• PROVIDED RECORDS:

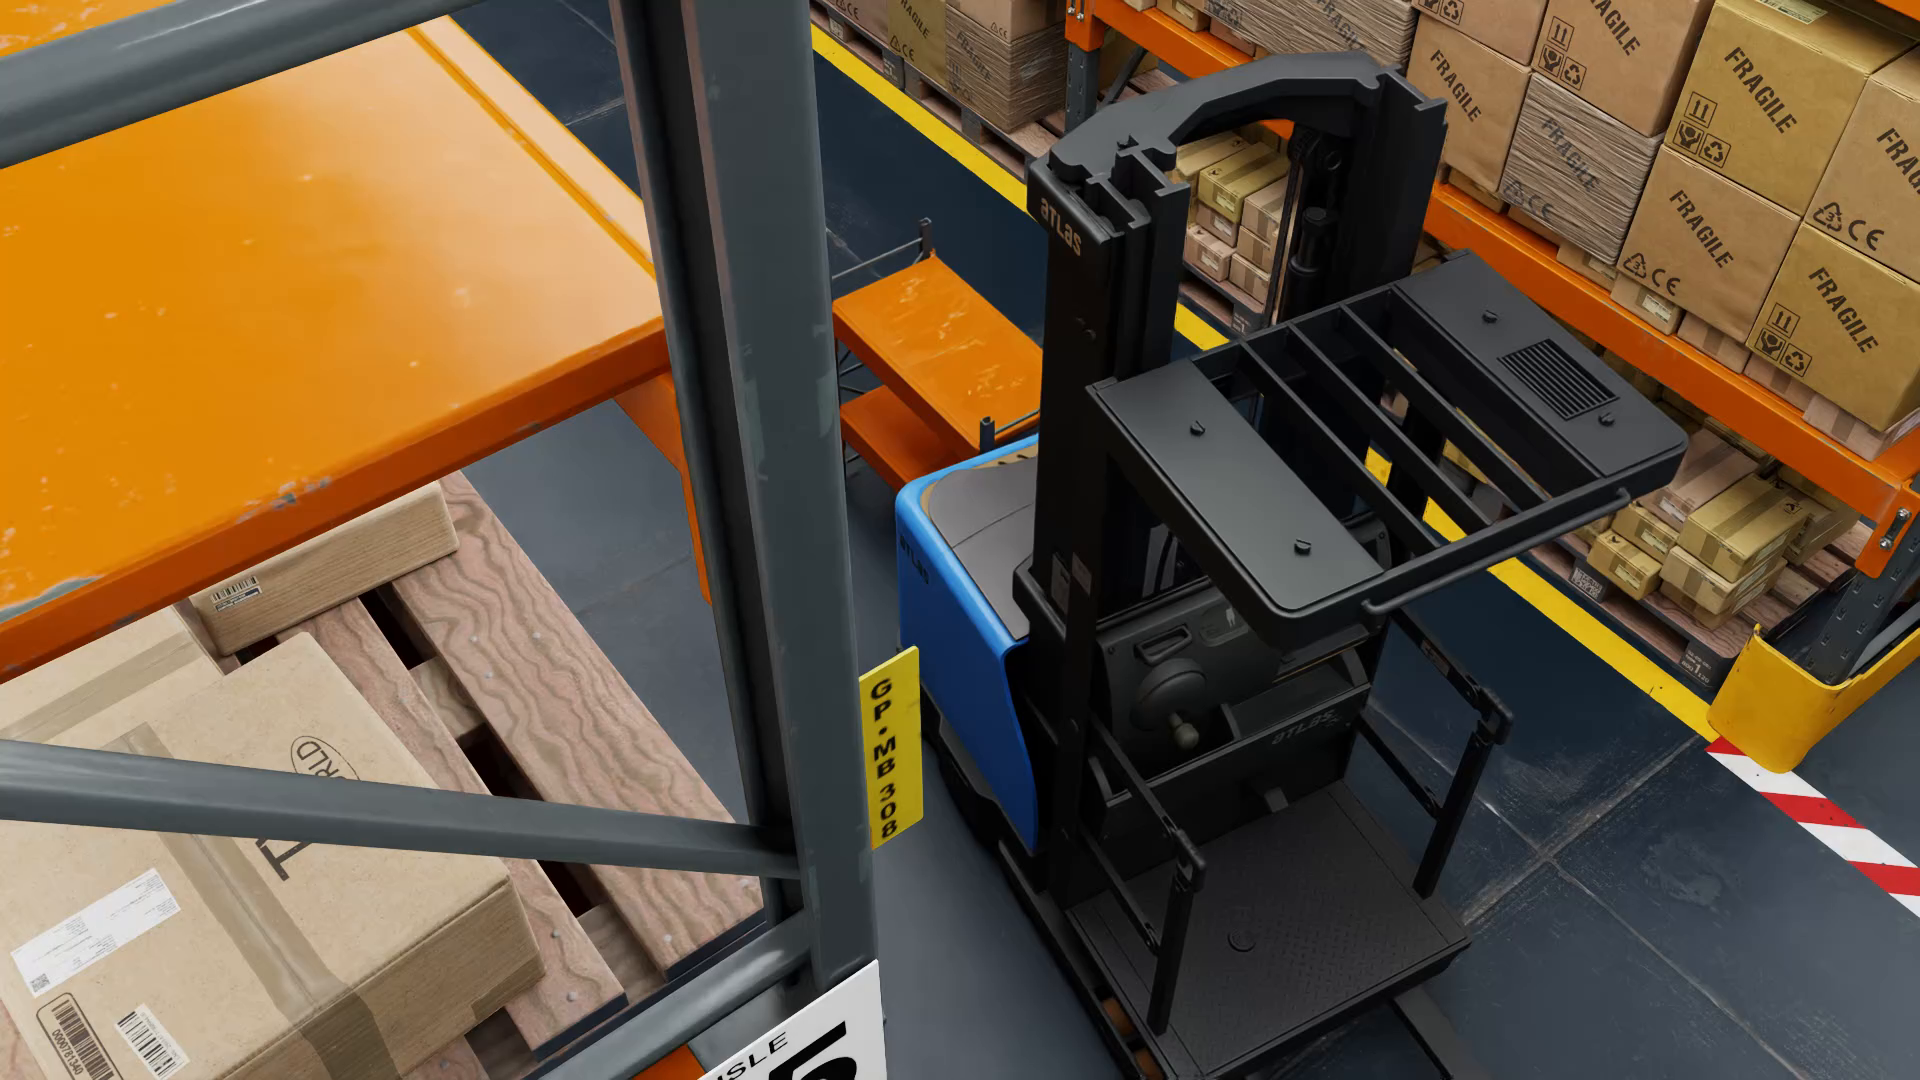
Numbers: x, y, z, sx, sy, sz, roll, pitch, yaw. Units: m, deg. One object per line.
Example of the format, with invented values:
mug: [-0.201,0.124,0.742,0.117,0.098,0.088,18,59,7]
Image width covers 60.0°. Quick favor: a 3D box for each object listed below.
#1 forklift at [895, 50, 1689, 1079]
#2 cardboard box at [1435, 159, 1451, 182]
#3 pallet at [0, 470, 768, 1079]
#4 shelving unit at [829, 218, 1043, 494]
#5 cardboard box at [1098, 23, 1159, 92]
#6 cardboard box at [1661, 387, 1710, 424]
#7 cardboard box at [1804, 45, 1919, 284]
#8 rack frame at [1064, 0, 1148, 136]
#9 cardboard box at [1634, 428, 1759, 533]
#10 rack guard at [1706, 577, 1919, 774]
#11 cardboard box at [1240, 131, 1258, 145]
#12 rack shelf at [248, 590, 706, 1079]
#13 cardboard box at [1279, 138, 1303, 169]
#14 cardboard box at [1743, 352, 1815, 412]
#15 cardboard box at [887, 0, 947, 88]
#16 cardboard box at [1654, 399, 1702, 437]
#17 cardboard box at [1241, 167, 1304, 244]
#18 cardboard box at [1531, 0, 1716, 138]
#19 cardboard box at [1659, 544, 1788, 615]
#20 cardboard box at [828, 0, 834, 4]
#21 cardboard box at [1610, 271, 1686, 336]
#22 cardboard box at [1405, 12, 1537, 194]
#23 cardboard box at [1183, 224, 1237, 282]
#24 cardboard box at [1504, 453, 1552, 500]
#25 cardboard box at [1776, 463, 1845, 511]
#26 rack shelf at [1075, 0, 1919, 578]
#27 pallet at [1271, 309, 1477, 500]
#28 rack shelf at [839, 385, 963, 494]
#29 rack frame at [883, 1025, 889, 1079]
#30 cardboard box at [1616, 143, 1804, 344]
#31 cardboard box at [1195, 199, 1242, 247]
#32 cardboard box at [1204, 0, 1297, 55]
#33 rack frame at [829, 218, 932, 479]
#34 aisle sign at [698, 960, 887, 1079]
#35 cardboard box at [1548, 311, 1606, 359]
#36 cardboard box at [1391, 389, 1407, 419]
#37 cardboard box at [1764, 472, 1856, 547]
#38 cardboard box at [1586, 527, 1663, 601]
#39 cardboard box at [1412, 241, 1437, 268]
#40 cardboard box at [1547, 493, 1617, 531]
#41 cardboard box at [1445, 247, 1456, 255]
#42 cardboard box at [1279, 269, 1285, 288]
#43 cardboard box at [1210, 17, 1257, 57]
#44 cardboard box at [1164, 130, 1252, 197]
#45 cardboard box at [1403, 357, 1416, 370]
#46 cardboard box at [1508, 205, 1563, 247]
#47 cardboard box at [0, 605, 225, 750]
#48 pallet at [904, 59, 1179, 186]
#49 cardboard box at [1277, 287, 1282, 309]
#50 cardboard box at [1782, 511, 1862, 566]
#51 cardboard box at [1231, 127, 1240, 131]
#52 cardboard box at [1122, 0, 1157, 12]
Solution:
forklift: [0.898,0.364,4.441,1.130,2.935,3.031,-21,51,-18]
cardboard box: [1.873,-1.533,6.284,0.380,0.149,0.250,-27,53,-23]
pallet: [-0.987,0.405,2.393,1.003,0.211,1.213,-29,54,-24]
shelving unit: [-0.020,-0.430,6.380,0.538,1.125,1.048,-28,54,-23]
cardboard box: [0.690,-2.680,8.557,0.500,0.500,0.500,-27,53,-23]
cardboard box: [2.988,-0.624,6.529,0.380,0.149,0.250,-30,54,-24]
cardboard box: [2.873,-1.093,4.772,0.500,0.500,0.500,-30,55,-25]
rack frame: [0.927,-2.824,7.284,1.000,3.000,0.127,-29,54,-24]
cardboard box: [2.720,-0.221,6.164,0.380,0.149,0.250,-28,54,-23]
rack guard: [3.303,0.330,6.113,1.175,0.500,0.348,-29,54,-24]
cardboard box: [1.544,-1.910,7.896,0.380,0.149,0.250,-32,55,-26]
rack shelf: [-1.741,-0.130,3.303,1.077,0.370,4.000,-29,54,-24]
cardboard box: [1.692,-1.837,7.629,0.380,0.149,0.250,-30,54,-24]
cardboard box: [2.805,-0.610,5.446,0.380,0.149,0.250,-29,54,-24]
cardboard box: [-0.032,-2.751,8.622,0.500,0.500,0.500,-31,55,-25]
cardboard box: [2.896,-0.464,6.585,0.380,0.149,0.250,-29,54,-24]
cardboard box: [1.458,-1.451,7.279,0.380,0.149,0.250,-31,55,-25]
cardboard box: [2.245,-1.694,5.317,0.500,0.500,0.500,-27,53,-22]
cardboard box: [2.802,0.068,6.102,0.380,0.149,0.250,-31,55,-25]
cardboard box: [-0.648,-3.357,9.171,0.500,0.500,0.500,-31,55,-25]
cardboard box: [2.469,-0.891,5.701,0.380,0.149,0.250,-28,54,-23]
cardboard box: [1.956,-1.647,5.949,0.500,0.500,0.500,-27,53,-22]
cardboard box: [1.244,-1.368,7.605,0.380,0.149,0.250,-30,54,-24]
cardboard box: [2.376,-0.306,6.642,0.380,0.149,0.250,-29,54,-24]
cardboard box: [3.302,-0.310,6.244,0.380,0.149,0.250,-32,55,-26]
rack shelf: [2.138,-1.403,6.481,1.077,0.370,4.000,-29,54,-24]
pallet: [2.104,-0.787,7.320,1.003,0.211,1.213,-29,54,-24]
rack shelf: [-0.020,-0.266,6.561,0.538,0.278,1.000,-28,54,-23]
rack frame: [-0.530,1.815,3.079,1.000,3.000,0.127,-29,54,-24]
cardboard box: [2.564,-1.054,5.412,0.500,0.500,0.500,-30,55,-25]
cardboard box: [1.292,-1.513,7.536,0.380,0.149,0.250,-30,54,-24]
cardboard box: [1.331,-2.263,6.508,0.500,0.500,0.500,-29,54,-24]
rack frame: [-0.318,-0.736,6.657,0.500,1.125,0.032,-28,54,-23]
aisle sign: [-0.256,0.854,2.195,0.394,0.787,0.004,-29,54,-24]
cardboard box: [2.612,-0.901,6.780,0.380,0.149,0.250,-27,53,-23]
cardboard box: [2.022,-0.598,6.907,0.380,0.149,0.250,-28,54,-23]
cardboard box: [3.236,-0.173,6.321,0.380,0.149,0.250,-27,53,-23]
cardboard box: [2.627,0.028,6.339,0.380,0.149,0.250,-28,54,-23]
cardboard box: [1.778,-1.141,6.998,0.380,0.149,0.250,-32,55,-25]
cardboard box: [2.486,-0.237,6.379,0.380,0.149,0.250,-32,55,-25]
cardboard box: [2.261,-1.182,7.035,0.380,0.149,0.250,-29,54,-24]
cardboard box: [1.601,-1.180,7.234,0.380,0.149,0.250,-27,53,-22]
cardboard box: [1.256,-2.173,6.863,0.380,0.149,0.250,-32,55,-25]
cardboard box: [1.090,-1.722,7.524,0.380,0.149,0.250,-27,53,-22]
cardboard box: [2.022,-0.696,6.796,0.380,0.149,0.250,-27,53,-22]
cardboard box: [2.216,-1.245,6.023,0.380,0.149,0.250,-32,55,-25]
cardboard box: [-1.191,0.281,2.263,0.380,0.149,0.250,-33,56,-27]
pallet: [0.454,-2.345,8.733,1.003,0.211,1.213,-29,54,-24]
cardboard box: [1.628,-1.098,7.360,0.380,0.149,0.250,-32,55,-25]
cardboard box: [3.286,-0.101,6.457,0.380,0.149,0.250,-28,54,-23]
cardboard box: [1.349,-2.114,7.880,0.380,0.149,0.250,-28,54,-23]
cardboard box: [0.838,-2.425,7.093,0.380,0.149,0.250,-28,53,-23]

• WHAT NEEDS TO BE DONE: The lines above may hold the string "object". Say how many do, and give only that number.

• SOLVED EXERCISE: 2